- **Exercise instructions**: After locating "27. cardboard box (1548, 884, 1701, 1079)" in the listing below, copy that line and each one after it exactly, ending with the line that has "37. cardboard box (1558, 624, 1752, 906)".

BEGIN Information shown

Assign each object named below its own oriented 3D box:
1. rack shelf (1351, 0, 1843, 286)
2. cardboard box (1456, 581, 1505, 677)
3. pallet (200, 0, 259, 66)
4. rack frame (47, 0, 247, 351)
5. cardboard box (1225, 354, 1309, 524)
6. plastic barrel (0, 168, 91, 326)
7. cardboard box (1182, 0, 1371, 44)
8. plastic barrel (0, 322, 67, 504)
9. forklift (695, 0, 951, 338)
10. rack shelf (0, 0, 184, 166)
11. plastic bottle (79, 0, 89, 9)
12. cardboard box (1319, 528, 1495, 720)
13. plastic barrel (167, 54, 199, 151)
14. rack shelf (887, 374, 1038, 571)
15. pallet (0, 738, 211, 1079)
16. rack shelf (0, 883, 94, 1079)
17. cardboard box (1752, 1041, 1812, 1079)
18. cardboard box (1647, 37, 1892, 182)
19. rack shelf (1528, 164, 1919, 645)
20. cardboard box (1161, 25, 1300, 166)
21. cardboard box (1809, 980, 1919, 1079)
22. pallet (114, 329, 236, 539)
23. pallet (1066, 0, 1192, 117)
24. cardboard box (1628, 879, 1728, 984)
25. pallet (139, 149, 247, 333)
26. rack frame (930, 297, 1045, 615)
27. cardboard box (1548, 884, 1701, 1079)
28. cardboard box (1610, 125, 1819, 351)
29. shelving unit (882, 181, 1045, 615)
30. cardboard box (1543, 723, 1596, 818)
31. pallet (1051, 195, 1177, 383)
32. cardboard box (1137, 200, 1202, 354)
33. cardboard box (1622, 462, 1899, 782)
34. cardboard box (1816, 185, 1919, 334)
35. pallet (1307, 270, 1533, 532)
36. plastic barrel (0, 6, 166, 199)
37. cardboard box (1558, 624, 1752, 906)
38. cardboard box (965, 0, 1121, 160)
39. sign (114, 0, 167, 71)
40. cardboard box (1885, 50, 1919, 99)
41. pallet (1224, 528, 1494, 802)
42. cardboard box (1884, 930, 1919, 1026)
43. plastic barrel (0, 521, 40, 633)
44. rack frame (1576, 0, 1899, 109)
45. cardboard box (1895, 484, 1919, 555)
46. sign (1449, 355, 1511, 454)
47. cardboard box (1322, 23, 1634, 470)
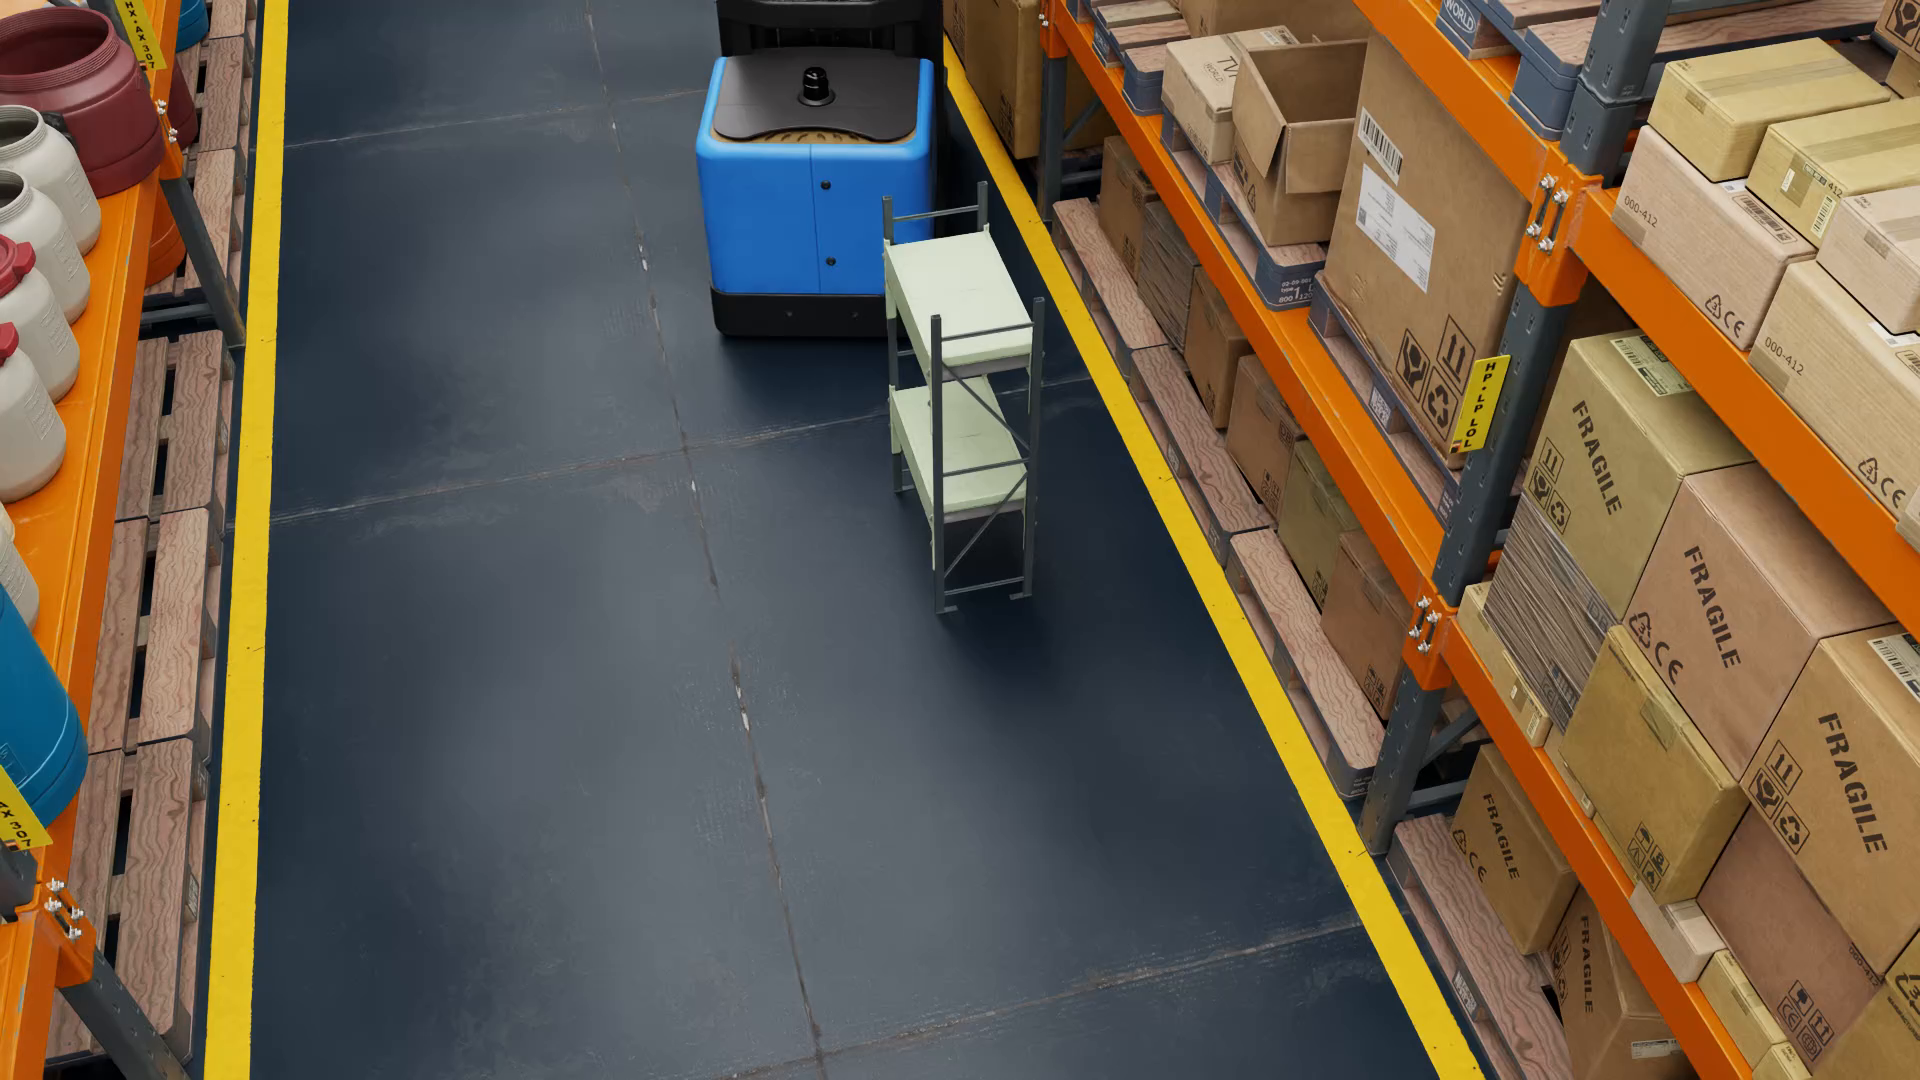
[{"bbox_3d":[1.411,-2.237,5.496,1.077,0.370,4.000,-11,47,-10],"label":"rack shelf"},{"bbox_3d":[1.687,0.234,4.847,0.380,0.149,0.250,-11,47,-10],"label":"cardboard box"},{"bbox_3d":[-4.756,-3.159,9.949,1.003,0.211,1.213,-11,47,-10],"label":"pallet"},{"bbox_3d":[-3.889,-1.914,6.776,1.000,3.000,0.127,-11,47,-10],"label":"rack frame"},{"bbox_3d":[1.539,-0.484,6.817,0.700,0.500,0.500,-14,47,-14],"label":"cardboard box"},{"bbox_3d":[-3.312,-0.991,5.793,0.421,0.512,0.421,0,46,0],"label":"plastic barrel"},{"bbox_3d":[1.315,-2.269,6.760,0.700,0.500,0.500,-4,46,-4],"label":"cardboard box"},{"bbox_3d":[-3.086,-0.407,5.204,0.433,0.535,0.433,0,46,0],"label":"plastic barrel"},{"bbox_3d":[-0.618,-3.015,7.904,1.130,2.935,3.031,1,46,1],"label":"forklift"},{"bbox_3d":[-4.401,-3.043,8.386,1.077,0.370,4.000,-11,47,-10],"label":"rack shelf"},{"bbox_3d":[-3.688,-2.228,7.171,0.152,0.276,0.135,-11,47,-10],"label":"plastic bottle"},{"bbox_3d":[1.786,0.235,6.112,0.700,0.500,0.500,-14,47,-13],"label":"cardboard box"},{"bbox_3d":[-4.320,-2.331,8.579,0.600,0.588,0.708,-11,47,-10],"label":"plastic barrel"},{"bbox_3d":[0.002,-0.292,6.693,0.431,0.370,0.720,-11,47,-10],"label":"rack shelf"},{"bbox_3d":[-3.104,1.289,5.590,1.003,0.211,1.213,-11,47,-10],"label":"pallet"},{"bbox_3d":[-2.353,2.480,2.973,1.077,0.370,4.000,-11,47,-10],"label":"rack shelf"},{"bbox_3d":[2.084,1.267,3.835,0.380,0.149,0.250,-11,47,-10],"label":"cardboard box"},{"bbox_3d":[1.708,-0.914,3.522,0.380,0.149,0.250,-12,47,-11],"label":"cardboard box"},{"bbox_3d":[2.435,0.525,2.790,1.077,0.370,4.000,-11,47,-10],"label":"rack shelf"},{"bbox_3d":[1.105,-1.715,6.392,0.500,0.250,0.500,-12,47,-11],"label":"cardboard box"},{"bbox_3d":[2.385,1.156,3.489,0.875,0.500,0.500,-11,47,-10],"label":"cardboard box"},{"bbox_3d":[-3.728,-0.396,7.241,1.003,0.211,1.213,-11,47,-10],"label":"pallet"},{"bbox_3d":[1.184,-2.280,7.269,1.213,0.211,1.003,-11,47,-10],"label":"pallet"},{"bbox_3d":[1.927,0.927,4.168,0.380,0.149,0.250,-11,47,-10],"label":"cardboard box"},{"bbox_3d":[-4.131,-1.474,8.298,1.003,0.211,1.213,-11,47,-10],"label":"pallet"},{"bbox_3d":[0.095,-0.268,6.213,0.400,1.500,0.023,-11,47,-10],"label":"rack frame"},{"bbox_3d":[2.140,1.348,5.036,0.500,0.500,0.500,3,46,2],"label":"cardboard box"},{"bbox_3d":[1.790,-0.698,3.589,0.500,0.250,0.500,-12,47,-12],"label":"cardboard box"},{"bbox_3d":[0.002,-0.520,6.461,0.431,1.500,0.755,-11,47,-10],"label":"shelving unit"},{"bbox_3d":[1.829,0.576,4.512,0.380,0.149,0.250,-11,47,-10],"label":"cardboard box"},{"bbox_3d":[1.097,-1.304,8.130,1.003,0.211,1.213,-11,47,-10],"label":"pallet"},{"bbox_3d":[1.244,-1.259,7.576,0.700,0.500,0.500,-14,47,-14],"label":"cardboard box"},{"bbox_3d":[1.922,0.155,3.770,0.500,0.500,0.500,-11,47,-10],"label":"cardboard box"},{"bbox_3d":[1.891,-0.551,3.166,0.380,0.149,0.250,-10,46,-10],"label":"cardboard box"},{"bbox_3d":[1.868,-0.545,5.569,1.003,0.211,1.213,-11,47,-10],"label":"pallet"},{"bbox_3d":[-3.478,-1.696,6.468,0.600,0.536,0.708,-11,47,-10],"label":"plastic barrel"},{"bbox_3d":[2.072,0.477,4.155,0.875,0.500,0.500,-11,47,-10],"label":"cardboard box"},{"bbox_3d":[0.742,-2.703,8.743,1.225,0.875,0.875,-13,47,-12],"label":"cardboard box"},{"bbox_3d":[-3.359,-2.076,6.821,0.100,0.325,0.005,-11,47,-10],"label":"sign"},{"bbox_3d":[2.285,-1.023,3.629,0.380,0.149,0.250,-9,46,-9],"label":"cardboard box"},{"bbox_3d":[1.722,0.381,6.480,1.003,0.211,1.213,-11,47,-10],"label":"pallet"},{"bbox_3d":[2.188,0.844,3.095,0.500,0.500,0.500,-11,47,-10],"label":"cardboard box"},{"bbox_3d":[-2.898,0.100,4.708,0.433,0.535,0.433,0,46,0],"label":"plastic barrel"},{"bbox_3d":[1.923,-2.158,2.814,1.000,3.000,0.127,-11,47,-10],"label":"rack frame"},{"bbox_3d":[2.047,0.012,2.894,0.500,0.250,0.500,-12,47,-12],"label":"cardboard box"},{"bbox_3d":[1.387,-0.359,4.442,0.100,0.325,0.005,-11,47,-10],"label":"sign"},{"bbox_3d":[1.855,-0.989,5.156,1.000,1.000,1.000,-10,46,-10],"label":"cardboard box"}]

END Information shown

- **Response**:
27. cardboard box (1548, 884, 1701, 1079)
28. cardboard box (1610, 125, 1819, 351)
29. shelving unit (882, 181, 1045, 615)
30. cardboard box (1543, 723, 1596, 818)
31. pallet (1051, 195, 1177, 383)
32. cardboard box (1137, 200, 1202, 354)
33. cardboard box (1622, 462, 1899, 782)
34. cardboard box (1816, 185, 1919, 334)
35. pallet (1307, 270, 1533, 532)
36. plastic barrel (0, 6, 166, 199)
37. cardboard box (1558, 624, 1752, 906)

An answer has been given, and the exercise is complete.